DATA SHOWN Block Start

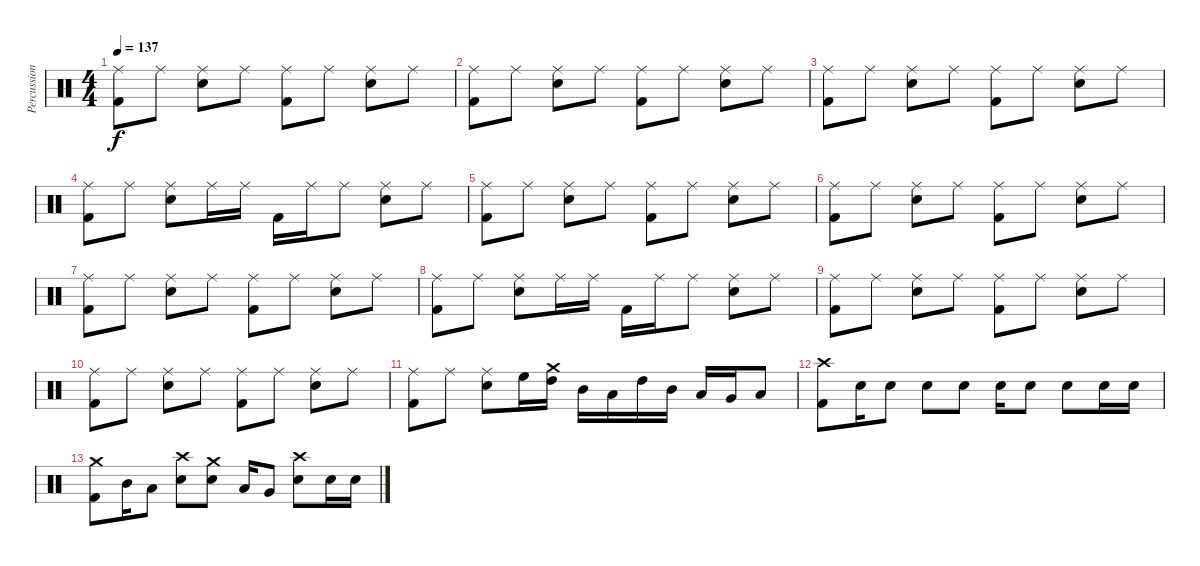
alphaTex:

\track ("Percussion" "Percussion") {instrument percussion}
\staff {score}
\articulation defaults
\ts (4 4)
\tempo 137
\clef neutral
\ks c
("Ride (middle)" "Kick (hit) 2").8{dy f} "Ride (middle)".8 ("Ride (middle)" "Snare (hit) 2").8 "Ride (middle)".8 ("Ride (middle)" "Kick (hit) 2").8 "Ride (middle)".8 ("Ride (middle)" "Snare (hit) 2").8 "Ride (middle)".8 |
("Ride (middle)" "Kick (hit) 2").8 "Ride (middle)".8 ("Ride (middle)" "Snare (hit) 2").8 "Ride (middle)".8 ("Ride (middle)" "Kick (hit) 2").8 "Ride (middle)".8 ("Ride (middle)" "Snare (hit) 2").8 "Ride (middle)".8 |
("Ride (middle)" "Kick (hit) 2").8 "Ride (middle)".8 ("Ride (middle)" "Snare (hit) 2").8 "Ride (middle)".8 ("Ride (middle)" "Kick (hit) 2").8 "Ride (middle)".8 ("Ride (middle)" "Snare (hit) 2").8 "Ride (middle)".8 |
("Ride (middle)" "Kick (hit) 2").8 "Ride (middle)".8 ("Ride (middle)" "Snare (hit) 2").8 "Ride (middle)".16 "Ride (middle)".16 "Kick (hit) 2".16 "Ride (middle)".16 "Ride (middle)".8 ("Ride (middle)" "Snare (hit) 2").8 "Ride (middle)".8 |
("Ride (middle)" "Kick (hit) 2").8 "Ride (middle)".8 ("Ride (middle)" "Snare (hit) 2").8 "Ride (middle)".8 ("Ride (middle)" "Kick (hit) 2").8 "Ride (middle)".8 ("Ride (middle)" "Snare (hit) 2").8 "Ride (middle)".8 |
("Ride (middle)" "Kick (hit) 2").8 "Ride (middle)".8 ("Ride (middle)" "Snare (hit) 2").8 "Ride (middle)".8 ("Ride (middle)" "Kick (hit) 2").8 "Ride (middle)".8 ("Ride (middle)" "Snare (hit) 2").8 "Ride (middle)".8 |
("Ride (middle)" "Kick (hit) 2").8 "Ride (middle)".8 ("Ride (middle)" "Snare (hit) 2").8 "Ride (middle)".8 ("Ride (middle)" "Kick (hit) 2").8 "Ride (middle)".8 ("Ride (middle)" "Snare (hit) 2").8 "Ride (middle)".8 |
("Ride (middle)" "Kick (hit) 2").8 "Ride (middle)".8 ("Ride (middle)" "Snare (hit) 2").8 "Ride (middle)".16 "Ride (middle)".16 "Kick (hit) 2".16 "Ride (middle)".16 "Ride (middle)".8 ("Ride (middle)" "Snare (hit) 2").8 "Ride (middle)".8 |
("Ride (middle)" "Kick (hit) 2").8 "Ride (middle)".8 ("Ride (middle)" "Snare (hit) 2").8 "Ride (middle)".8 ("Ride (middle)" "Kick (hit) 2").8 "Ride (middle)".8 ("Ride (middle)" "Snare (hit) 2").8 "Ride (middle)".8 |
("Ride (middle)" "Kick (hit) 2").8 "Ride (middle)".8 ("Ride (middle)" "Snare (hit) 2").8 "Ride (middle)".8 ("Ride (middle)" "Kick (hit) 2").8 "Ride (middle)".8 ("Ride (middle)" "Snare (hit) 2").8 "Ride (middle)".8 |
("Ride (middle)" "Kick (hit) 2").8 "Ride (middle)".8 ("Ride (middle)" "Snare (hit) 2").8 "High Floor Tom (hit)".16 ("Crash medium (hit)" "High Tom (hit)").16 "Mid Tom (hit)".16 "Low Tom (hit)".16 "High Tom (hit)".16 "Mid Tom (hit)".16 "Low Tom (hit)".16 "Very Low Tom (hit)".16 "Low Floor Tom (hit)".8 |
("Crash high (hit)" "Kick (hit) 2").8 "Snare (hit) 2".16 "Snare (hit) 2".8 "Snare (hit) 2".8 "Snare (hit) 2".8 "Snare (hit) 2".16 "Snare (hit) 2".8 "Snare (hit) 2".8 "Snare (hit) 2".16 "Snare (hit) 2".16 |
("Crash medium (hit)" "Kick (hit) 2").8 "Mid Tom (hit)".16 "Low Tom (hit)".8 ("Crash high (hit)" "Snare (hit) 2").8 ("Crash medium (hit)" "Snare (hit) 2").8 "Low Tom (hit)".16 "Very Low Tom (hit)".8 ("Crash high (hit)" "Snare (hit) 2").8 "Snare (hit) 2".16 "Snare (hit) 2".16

DATA SHOWN Block End
DATA SHOWN Block Start

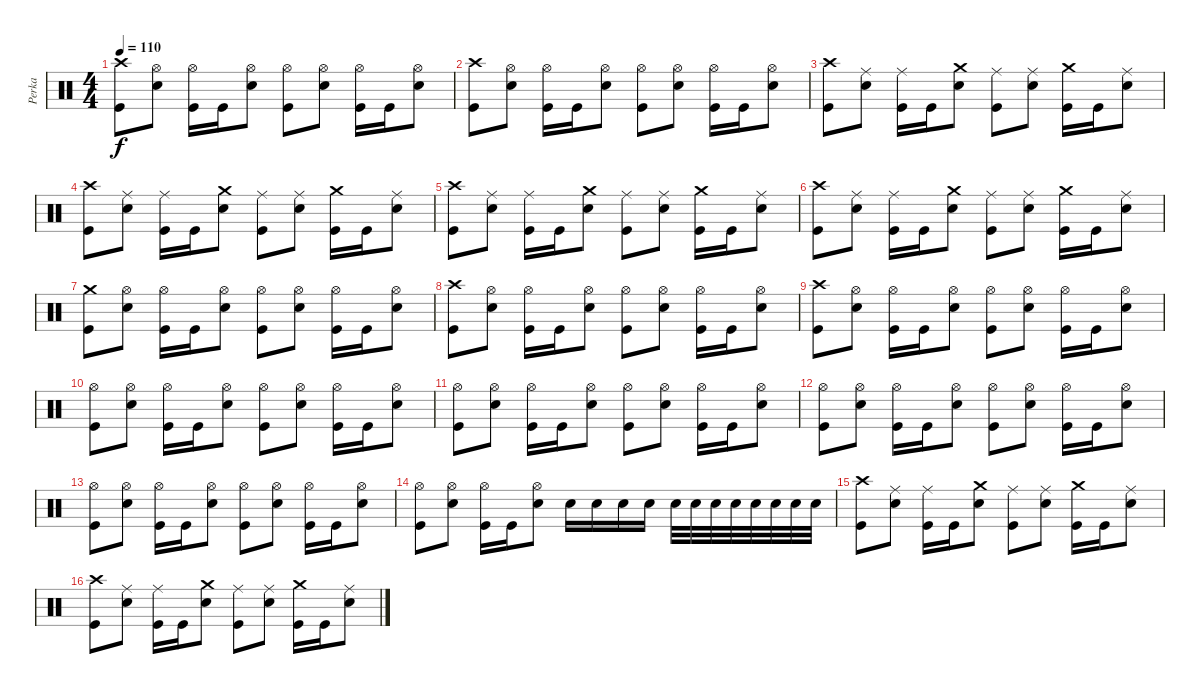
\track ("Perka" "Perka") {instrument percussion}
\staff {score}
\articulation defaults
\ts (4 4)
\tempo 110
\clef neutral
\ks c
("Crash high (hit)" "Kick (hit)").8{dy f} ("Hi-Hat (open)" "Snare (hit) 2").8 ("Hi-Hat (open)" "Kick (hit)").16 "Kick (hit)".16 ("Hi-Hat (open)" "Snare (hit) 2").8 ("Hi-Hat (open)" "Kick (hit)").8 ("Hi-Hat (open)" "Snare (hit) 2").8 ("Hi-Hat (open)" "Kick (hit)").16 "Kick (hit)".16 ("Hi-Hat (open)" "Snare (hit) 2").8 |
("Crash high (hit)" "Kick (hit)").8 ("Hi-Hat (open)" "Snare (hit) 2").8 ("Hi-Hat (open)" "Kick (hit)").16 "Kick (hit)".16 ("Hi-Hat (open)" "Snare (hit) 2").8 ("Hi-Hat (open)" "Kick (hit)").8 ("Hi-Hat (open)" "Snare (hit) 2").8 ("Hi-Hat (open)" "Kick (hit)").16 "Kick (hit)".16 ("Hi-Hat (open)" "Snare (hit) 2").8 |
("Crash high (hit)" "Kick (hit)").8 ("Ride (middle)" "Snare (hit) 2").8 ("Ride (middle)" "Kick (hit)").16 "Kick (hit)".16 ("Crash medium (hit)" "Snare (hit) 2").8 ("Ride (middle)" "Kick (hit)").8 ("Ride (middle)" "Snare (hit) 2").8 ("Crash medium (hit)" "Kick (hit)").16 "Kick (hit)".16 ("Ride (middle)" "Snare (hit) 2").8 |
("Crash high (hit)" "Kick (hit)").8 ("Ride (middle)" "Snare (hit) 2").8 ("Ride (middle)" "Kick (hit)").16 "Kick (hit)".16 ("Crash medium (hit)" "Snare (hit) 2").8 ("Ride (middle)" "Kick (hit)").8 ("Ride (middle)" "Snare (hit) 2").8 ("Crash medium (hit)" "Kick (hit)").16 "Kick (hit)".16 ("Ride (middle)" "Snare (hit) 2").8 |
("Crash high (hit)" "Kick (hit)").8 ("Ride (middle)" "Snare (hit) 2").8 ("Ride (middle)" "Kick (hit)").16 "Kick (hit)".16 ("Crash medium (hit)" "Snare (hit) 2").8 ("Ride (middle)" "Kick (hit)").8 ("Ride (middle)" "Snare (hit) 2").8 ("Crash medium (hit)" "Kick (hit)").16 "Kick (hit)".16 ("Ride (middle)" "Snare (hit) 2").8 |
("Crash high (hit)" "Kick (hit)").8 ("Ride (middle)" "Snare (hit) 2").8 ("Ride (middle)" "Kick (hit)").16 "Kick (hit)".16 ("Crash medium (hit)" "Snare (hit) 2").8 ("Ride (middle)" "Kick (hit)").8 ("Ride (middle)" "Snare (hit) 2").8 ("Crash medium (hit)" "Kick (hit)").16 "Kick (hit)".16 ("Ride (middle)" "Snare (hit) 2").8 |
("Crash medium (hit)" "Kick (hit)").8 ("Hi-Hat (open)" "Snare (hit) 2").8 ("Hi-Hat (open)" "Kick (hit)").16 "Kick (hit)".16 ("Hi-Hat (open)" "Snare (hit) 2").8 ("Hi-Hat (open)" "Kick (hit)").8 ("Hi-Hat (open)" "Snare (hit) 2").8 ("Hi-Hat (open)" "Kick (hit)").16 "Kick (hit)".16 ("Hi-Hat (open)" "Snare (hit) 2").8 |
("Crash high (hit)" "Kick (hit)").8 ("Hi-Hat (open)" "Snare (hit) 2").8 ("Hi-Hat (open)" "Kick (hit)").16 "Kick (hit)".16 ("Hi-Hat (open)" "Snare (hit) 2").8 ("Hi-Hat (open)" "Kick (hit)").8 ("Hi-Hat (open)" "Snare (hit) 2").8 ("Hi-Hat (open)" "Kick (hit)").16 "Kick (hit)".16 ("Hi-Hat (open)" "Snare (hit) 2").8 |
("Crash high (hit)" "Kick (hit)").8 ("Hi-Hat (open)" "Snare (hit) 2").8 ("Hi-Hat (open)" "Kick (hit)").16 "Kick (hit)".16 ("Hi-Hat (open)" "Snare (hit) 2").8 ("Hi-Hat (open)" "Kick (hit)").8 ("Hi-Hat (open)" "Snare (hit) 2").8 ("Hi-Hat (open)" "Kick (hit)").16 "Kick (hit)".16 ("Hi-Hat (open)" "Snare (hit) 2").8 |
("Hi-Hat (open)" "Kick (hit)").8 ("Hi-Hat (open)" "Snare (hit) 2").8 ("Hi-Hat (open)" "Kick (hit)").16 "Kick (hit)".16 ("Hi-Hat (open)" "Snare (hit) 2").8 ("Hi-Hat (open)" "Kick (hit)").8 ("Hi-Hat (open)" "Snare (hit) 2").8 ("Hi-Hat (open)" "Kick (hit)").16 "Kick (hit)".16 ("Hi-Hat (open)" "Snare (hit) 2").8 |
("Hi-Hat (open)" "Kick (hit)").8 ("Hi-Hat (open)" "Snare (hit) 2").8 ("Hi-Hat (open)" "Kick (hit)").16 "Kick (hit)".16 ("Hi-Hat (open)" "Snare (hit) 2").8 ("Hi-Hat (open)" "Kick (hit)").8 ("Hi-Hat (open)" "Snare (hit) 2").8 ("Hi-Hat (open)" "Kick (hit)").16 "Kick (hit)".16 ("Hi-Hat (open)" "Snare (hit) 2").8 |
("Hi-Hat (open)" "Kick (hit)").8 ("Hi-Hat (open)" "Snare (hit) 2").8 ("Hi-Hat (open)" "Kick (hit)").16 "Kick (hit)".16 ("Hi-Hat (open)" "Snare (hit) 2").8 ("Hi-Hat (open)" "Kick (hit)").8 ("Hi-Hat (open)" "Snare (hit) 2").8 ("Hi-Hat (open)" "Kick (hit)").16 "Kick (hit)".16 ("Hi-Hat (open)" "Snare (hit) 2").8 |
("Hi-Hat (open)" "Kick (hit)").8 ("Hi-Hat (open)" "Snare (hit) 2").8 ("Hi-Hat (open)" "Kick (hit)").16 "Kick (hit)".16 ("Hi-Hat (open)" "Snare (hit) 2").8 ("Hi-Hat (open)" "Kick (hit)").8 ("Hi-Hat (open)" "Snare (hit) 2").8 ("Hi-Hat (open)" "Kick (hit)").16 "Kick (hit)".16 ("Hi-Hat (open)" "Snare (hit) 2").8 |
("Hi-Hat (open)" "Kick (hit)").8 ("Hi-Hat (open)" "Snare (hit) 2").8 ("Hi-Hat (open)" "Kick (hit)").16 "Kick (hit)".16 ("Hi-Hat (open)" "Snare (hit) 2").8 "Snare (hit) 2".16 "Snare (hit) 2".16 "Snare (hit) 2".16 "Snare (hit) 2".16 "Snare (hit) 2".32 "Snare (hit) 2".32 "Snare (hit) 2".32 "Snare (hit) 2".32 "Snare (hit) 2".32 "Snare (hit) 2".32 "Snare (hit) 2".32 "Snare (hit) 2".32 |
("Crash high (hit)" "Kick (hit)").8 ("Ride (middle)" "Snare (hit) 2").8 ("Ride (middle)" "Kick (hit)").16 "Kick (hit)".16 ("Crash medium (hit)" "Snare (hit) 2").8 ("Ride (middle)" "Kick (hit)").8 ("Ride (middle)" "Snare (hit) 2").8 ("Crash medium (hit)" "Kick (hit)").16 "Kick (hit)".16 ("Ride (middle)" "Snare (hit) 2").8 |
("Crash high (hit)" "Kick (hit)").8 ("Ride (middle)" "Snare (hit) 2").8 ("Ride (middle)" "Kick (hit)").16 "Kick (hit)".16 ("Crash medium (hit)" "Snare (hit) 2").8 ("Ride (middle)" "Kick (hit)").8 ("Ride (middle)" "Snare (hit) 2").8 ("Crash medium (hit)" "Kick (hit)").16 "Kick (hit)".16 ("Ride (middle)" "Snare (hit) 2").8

DATA SHOWN Block End
DATA SHOWN Block Start

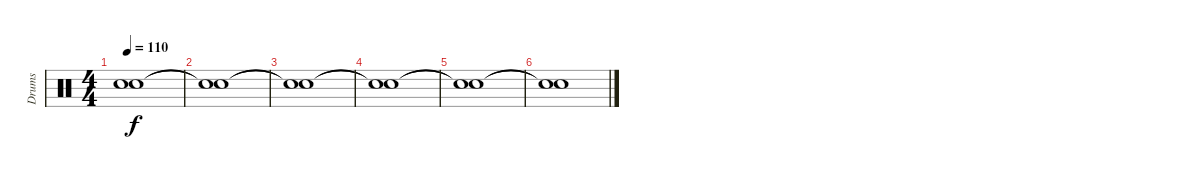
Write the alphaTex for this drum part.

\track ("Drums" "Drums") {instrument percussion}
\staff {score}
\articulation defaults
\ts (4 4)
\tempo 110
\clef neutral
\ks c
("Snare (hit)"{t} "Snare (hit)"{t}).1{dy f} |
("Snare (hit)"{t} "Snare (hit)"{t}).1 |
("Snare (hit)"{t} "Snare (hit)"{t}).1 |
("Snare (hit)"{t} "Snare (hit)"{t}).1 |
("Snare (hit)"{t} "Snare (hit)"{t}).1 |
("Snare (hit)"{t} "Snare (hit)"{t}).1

DATA SHOWN Block End

• WORK INSTRUCTION
The word "percussion" may occur in lines of the data above; say how many lines hold it, giving only the number.

• EXERCISE RESPONSE
3